This article was first published on BBC News
Glybera, a gene therapy which corrects errors in a person’s genetic code has been approved for commercial use in Europe for the first time.
The European Commission has given Glybera marketing authorisation, meaning it can be sold throughout the EU.
It is a gene therapy for a rare disease which leaves people unable to properly digest fats.
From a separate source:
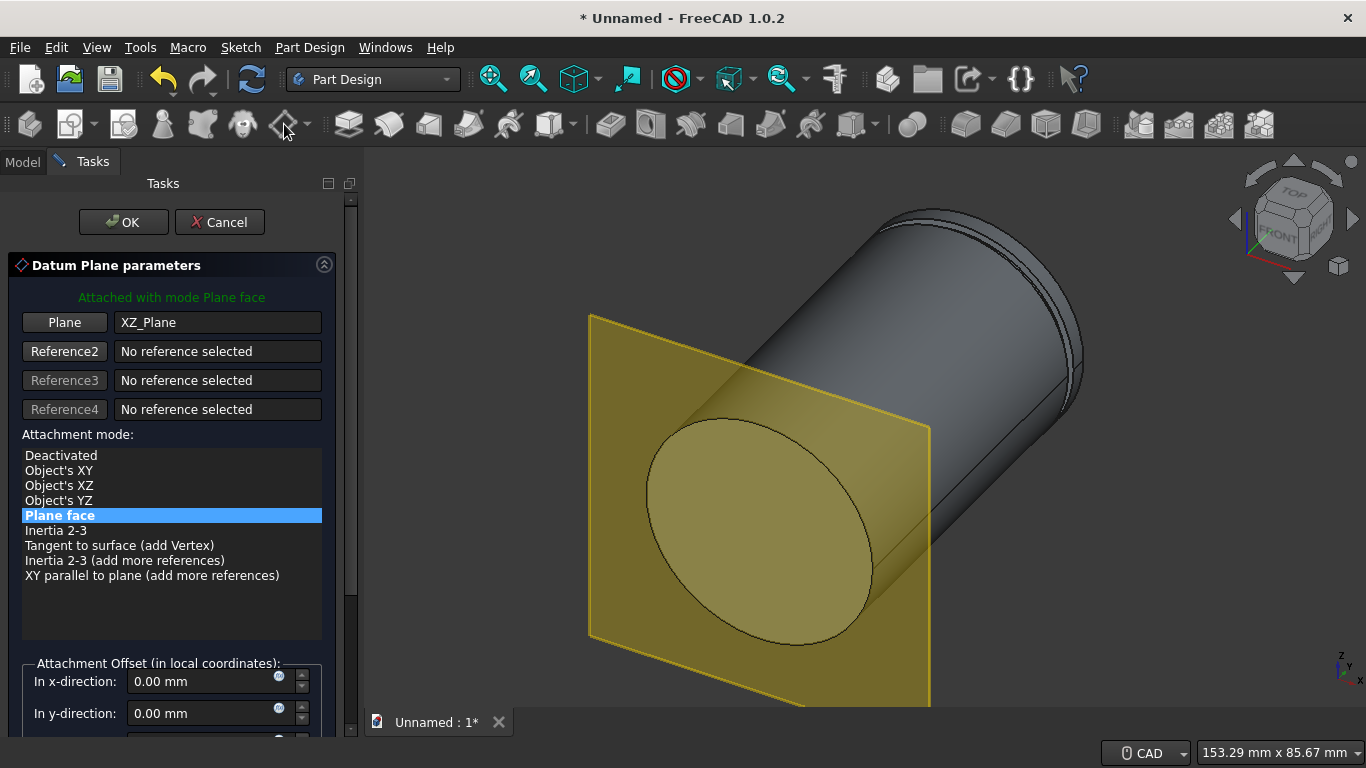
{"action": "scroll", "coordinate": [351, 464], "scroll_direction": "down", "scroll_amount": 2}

The manufacturers say it will be available next year.
Gene therapy has a simple premise. If there is a problem with part of a patient’s genetic code then change the code.
However, the field has been plagued with problems. Patients have developed leukaemia and in one trial in the US a teenager died.
In Europe and the US, the therapies are used only in research labs.
Glybera is used to treat lipoprotein lipase deficiency. One in a million people have damaged copies of a gene which is essential for breaking down fats.
It means fat builds up in the blood leading to abdominal pain and life-threatening inflammation of the pancreas (pancreatitis).
The only way to manage the condition is by having a very low-fat diet.
The therapy, developed by UniQure, uses a virus to infect muscle cells with a working copy of the gene.
The European Medicines Agency recommended the therapy was made available for the most severely ill patients earlier in 2012.
UniQure chief executive officer Jorn Aldag said: “The final approval of Glybera from the European Commission marks a major step forward in making gene therapies available not only for lipoprotein lipase deficiency, but also for a large number of rare diseases with a very high unmet medical need.”
The company said it would apply for regulatory approval in the US and Canada.
China was the first country to officially sanction a gene therapy.